As yet there don’t seem to be any actual APIs or machine-friendly services offered by Garlik over this FOAF data, and with the site being down I can’t hunt around for these. Requesting different content types from the site doesn’t have any effect either, but knowing the people behind Garlik there’ll be some interesting stuff on its way. Full SPARQL over FOAF data would be nice
Either way, this could well be the trigger for large-scale updating of people’s FOAF files, something which is long overdue, my own included.
Update: The QDOS site came back up shortly after I posted this. The second service is broadly as described above. It’s called the “Social Verification” service. Tom Ilube from Garlik talks about this in some more detail in Issue 2 of Nodalities Magazine.
May 16th, 2008 by Tom Heath
It’s been a quiet month, blog-wise, mainly due to MyOpera being inaccessible from behind the “Great Firewall of China“. Not sure what content on here is worth screening out (except perhaps on quality grounds
, but anyway…
I was in China for WWW2008 initially, and then two weeks of holiday, giving me a chance to see some of this vast country, meet some great people who went out of their way to help us, have varied success at avoiding being ripped off (an occupational hazard for travellers in China it seems), and catch a glimpse of somewhere undergoing huge changes.
On the subject of the Great Firewall, I’ll admit to being a bit disappointed that TimBL’s Keynote at WWW2008 didn’t address this issue more explicitly. On the other hand, he gave a great plug in his speech for the Linked Data on the Web workshop we co-chaired with Chris Bizer and Kingsley Idehen earlier in the week (summarised nicely at ZDnet by Paul Miller), which really made my day.
To be fair to Tim though, I wouldn’t have wanted to be in his shoes, which were undoubtedly treading a very fine line. Before the conference I was see-sawing between thinking “he’s got to address this issue head-on”, and thinking “no way, it would just be too confrontational to raise it in this venue“.
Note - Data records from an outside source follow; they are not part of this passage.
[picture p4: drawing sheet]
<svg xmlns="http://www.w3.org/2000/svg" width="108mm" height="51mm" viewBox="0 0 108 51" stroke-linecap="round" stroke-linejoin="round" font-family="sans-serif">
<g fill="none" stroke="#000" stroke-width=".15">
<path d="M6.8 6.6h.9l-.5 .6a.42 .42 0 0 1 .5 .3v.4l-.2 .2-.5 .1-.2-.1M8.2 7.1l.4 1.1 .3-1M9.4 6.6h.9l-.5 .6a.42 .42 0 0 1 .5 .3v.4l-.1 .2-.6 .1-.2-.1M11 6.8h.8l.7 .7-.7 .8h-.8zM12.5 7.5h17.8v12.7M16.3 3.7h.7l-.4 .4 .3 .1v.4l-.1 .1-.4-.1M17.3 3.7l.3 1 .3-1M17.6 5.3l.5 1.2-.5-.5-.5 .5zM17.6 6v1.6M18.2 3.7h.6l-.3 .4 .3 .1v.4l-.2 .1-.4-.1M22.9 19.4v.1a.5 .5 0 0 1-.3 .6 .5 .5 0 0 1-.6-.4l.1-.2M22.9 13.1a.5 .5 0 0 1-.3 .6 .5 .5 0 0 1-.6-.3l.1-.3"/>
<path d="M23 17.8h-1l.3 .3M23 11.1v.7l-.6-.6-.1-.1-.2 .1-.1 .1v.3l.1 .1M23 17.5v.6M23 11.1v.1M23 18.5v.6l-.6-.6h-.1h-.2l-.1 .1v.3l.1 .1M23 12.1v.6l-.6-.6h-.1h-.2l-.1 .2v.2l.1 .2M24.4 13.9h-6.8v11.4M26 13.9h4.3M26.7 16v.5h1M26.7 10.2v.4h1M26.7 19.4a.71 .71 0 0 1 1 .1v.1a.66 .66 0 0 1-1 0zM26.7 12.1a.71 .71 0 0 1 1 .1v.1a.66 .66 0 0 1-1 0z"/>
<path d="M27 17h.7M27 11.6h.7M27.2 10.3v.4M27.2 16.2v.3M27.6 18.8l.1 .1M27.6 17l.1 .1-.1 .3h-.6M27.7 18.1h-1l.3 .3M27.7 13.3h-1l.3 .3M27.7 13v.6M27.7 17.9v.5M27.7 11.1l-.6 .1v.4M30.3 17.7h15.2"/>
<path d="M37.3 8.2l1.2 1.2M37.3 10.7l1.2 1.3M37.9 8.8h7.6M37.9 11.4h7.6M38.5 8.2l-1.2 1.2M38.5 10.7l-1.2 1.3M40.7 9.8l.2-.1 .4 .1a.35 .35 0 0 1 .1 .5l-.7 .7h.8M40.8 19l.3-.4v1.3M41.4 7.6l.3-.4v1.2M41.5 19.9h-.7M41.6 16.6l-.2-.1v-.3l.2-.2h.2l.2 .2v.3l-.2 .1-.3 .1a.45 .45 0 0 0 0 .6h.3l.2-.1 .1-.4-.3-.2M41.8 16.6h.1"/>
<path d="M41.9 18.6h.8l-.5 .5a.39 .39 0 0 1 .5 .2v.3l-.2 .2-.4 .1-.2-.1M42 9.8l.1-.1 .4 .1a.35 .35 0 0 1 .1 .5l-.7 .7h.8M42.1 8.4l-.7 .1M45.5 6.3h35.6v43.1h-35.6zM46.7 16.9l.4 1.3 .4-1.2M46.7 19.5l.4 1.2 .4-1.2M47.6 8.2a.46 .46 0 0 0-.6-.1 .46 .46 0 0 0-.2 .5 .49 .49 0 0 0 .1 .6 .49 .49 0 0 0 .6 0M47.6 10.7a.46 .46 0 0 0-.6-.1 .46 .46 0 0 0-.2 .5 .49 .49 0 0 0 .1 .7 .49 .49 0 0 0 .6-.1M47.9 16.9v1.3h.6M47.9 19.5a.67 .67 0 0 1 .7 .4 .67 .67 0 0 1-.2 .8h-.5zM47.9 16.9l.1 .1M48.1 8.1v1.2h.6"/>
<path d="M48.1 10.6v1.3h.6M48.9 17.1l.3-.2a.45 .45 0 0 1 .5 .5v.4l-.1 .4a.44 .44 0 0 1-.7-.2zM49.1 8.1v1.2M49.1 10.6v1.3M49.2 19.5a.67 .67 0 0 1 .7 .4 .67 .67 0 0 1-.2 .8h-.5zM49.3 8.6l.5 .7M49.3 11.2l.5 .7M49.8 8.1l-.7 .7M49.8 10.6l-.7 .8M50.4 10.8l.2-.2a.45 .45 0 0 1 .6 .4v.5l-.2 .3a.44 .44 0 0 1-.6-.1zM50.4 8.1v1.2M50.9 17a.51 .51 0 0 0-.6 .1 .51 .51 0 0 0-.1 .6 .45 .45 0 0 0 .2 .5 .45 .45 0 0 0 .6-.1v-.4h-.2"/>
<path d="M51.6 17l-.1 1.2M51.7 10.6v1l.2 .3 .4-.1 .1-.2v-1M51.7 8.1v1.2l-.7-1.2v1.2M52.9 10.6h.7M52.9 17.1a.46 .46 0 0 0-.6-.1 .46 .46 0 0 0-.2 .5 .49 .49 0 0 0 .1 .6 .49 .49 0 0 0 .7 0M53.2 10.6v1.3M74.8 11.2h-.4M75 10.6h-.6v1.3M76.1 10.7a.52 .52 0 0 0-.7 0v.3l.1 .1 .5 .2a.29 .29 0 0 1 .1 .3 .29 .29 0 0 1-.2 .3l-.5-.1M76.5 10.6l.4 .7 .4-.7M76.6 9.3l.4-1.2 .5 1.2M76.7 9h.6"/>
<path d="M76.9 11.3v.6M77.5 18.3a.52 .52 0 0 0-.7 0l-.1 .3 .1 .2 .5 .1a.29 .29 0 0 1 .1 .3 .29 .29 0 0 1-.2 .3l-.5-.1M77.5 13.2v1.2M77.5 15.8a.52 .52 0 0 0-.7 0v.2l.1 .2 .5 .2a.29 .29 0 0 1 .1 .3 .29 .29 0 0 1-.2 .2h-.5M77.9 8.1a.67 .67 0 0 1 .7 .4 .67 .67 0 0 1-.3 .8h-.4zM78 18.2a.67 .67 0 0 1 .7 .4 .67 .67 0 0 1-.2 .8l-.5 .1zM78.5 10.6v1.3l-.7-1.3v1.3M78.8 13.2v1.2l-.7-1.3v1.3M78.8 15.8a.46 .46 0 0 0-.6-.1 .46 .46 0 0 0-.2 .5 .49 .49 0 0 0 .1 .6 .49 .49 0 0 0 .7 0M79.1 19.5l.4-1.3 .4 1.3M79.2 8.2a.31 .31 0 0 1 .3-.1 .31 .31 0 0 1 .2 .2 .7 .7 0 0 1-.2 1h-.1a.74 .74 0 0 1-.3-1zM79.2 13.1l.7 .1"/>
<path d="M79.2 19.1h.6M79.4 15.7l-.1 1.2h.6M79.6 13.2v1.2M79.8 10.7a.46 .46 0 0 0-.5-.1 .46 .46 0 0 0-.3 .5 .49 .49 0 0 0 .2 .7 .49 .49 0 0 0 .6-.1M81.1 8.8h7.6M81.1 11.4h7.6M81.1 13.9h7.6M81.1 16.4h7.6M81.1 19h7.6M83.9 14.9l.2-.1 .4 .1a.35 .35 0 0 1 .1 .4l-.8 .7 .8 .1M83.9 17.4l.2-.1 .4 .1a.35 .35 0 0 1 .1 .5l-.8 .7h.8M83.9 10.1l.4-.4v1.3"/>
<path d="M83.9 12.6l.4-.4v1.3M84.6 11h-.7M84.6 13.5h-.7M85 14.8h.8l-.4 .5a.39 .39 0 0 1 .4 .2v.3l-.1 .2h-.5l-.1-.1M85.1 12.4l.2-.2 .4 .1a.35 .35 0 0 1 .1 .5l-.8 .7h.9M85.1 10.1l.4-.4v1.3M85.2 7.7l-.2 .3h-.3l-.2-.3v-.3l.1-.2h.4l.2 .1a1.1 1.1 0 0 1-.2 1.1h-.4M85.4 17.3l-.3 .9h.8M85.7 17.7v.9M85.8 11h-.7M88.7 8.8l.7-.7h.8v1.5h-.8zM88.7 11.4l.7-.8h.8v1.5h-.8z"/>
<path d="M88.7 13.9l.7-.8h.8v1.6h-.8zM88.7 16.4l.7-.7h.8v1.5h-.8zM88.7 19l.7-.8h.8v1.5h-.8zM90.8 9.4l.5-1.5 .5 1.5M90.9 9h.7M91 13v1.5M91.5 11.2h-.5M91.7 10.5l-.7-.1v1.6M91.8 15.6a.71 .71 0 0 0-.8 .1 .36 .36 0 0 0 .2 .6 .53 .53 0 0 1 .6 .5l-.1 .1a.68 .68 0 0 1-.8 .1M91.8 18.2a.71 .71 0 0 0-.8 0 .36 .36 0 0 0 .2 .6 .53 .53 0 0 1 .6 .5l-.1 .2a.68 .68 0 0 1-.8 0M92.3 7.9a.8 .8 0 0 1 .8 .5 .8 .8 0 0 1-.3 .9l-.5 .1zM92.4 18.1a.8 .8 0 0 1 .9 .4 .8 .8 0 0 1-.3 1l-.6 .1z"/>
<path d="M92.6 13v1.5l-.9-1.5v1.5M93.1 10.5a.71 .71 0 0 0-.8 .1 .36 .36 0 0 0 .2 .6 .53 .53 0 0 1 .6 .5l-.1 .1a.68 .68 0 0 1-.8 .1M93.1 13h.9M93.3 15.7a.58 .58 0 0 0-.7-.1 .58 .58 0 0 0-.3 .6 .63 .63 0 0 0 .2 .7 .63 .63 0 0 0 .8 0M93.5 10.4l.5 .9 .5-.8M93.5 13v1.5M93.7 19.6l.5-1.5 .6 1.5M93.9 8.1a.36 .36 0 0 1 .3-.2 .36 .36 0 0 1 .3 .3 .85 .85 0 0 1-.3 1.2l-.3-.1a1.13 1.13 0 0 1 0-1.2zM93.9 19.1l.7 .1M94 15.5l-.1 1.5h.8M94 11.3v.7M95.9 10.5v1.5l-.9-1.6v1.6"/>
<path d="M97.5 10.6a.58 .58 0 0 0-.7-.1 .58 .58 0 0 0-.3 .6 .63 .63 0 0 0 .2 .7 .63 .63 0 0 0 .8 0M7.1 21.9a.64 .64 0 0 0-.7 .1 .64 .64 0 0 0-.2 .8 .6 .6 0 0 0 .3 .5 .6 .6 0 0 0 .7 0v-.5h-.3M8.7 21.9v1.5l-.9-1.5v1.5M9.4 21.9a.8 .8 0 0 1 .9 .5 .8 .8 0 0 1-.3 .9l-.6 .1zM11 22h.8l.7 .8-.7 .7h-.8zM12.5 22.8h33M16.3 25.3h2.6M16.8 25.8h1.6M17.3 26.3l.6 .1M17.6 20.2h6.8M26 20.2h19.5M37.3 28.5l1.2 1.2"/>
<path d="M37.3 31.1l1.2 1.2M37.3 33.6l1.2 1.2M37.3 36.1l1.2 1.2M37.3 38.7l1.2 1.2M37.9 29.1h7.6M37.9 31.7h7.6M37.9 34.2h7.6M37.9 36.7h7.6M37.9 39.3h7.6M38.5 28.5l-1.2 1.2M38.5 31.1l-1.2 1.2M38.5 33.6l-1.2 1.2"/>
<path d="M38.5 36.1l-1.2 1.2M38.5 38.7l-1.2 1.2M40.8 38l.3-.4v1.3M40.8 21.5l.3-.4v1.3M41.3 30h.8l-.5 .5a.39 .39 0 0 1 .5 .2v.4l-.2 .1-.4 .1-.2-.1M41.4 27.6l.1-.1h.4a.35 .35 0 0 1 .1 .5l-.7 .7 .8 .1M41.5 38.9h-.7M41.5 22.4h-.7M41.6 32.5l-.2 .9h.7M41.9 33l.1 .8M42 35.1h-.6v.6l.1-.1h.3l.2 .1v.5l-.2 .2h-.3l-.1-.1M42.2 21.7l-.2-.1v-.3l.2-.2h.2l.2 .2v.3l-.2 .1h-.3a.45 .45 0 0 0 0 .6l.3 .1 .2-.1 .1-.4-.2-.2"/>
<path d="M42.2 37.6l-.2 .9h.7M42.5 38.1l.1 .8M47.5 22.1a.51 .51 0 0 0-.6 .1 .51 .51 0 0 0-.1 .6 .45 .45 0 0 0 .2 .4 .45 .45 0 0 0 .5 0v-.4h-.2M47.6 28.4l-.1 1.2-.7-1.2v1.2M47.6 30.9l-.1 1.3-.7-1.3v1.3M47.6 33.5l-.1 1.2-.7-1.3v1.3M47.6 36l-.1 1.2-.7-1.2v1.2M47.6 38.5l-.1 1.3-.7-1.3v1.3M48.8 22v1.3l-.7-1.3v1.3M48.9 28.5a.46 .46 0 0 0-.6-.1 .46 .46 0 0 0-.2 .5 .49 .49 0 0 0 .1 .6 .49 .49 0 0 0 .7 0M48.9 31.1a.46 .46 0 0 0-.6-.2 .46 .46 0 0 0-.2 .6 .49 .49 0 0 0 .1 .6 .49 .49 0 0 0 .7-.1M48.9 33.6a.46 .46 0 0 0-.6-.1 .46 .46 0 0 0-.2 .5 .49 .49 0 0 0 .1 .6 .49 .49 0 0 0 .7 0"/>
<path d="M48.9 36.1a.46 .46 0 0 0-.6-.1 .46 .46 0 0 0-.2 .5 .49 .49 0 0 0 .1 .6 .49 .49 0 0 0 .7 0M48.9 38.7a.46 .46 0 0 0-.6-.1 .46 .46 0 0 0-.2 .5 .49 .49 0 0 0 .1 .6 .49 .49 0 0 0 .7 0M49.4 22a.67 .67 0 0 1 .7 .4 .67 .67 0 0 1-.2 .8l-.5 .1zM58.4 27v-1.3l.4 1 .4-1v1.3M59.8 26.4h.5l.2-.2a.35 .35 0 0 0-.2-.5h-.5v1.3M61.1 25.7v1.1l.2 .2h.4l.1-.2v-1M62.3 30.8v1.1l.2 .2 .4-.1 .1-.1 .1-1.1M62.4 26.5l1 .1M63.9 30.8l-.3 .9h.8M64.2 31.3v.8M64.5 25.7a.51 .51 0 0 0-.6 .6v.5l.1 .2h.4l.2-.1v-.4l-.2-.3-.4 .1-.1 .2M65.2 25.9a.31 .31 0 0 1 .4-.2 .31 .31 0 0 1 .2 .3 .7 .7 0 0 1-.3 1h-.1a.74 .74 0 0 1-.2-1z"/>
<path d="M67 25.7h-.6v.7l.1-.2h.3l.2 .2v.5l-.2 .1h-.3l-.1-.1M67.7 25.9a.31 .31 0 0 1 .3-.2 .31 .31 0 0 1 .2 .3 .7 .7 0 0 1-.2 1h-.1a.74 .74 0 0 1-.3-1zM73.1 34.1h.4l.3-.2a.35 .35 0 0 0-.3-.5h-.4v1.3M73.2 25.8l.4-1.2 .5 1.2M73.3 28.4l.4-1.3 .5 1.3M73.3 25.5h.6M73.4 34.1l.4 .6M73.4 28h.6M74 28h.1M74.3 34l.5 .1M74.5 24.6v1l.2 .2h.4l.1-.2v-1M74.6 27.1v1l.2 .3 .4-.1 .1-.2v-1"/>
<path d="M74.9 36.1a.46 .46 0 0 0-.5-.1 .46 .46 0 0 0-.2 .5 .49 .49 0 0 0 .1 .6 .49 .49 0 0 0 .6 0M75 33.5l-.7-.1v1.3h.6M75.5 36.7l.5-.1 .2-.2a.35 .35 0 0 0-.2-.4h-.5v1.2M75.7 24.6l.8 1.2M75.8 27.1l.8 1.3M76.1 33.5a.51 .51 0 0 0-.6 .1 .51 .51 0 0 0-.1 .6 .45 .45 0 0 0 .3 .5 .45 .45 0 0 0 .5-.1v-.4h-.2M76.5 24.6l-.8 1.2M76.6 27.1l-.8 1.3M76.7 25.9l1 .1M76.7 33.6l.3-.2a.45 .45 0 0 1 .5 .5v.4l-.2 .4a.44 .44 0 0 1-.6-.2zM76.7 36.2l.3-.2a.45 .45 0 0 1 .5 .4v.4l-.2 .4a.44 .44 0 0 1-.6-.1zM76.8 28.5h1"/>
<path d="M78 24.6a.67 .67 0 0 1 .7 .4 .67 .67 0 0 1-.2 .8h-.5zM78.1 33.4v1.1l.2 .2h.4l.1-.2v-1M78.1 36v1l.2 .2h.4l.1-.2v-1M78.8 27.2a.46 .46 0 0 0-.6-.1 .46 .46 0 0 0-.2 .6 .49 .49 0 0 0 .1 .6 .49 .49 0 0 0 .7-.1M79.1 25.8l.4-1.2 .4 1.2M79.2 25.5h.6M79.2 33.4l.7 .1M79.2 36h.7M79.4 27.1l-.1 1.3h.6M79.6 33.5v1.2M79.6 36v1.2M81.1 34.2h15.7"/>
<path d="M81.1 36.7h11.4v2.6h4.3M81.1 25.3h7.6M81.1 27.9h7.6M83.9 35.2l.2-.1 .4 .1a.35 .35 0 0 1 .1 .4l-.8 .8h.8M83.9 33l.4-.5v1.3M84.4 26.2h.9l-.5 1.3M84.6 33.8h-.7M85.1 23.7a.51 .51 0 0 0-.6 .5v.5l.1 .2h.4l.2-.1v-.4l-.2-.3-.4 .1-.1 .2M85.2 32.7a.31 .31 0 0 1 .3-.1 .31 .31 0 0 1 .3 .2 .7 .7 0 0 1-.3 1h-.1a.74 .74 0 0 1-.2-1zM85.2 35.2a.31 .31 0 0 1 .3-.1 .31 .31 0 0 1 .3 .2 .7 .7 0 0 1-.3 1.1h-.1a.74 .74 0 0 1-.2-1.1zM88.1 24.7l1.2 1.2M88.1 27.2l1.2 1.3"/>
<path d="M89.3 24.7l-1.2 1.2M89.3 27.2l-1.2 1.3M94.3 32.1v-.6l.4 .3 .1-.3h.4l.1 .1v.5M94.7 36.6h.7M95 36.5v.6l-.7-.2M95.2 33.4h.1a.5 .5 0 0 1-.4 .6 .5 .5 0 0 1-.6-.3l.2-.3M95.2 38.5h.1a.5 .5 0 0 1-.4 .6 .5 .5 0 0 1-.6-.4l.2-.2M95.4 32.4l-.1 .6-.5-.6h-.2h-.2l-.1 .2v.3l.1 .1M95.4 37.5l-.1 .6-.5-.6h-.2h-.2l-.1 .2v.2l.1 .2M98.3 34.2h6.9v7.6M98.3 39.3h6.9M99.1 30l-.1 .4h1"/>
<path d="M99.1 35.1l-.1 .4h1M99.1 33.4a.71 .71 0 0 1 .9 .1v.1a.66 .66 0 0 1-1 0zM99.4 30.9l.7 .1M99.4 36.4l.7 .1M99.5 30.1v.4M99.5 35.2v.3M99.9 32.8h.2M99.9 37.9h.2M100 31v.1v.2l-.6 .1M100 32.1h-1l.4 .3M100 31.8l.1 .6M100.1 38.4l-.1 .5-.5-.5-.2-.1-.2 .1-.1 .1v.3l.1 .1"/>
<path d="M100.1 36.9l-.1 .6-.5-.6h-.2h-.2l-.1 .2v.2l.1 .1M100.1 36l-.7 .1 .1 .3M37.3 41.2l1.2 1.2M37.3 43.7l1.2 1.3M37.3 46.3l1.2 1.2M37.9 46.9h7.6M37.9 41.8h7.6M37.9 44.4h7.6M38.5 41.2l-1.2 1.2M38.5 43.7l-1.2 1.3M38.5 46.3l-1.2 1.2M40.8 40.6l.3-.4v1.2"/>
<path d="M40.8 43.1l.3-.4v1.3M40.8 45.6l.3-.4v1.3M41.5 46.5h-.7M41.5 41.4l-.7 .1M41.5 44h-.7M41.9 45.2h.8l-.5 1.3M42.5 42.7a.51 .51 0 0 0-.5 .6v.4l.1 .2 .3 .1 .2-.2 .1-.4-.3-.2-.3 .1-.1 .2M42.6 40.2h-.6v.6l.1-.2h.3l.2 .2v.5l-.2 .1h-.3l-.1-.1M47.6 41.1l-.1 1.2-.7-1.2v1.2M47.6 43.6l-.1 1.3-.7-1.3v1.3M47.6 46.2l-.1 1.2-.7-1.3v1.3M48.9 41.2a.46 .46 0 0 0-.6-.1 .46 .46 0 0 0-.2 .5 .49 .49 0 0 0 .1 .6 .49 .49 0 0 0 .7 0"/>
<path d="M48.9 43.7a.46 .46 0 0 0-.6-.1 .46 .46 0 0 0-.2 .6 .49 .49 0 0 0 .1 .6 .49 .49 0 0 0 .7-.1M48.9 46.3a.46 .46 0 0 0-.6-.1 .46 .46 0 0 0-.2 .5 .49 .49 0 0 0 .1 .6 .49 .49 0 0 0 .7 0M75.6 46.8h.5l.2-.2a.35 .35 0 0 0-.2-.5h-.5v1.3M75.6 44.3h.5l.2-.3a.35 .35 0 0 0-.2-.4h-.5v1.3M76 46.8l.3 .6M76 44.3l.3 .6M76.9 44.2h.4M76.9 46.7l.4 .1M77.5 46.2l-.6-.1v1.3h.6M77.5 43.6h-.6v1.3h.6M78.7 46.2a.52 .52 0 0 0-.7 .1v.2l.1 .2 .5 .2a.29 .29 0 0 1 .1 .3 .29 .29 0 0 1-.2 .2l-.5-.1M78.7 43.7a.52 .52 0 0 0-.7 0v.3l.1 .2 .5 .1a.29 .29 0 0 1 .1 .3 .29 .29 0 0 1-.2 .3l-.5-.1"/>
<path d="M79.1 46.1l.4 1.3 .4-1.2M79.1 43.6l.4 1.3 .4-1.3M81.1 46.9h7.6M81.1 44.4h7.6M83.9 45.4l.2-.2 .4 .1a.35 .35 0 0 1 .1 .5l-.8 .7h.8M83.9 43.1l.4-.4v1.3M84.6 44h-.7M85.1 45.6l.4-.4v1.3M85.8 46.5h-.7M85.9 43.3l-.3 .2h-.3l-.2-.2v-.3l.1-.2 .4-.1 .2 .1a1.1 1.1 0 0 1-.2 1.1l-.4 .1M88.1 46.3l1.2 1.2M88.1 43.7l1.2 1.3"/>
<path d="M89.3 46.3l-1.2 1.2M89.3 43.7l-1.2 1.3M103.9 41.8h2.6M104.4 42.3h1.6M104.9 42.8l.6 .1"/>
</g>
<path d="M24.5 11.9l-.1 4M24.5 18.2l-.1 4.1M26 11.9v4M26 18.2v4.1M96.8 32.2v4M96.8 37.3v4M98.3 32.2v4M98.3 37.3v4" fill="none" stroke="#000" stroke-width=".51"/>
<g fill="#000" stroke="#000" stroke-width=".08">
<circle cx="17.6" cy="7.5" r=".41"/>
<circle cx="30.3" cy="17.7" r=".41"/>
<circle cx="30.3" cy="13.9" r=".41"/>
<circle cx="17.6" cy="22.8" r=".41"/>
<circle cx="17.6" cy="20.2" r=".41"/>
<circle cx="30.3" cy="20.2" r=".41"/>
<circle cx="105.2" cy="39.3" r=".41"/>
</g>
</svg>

Yesterday I came across this blog post on the subject from the New Scientist. Whilst I wholly sympathise with the strength of feeling, I think the post itself is misplaced, or at least misdirected. The IW3C2/W3C/Web community at large has two choices: engage, and hope to bring about change through dialogue and stronger relationships, or keep China at arms length and stand no chance of influencing policy on censorship.
In the end I think the correct decision was made, just as siting the 2008 Olympics in Beijing was probably the right decision. Let’s just hope that the human rights situation improves as much as was promised (and as fast as the public toilet situation seems to have done in Beijing ahead of the Olympics – excellent, in case you were wondering).
If the New Scientist writer is really going to take issue with the WWW2008 slogan, I think an equally valid target should be the “One World” aspect. OK, so geographically it’s true, but on all other counts I’m not convinced.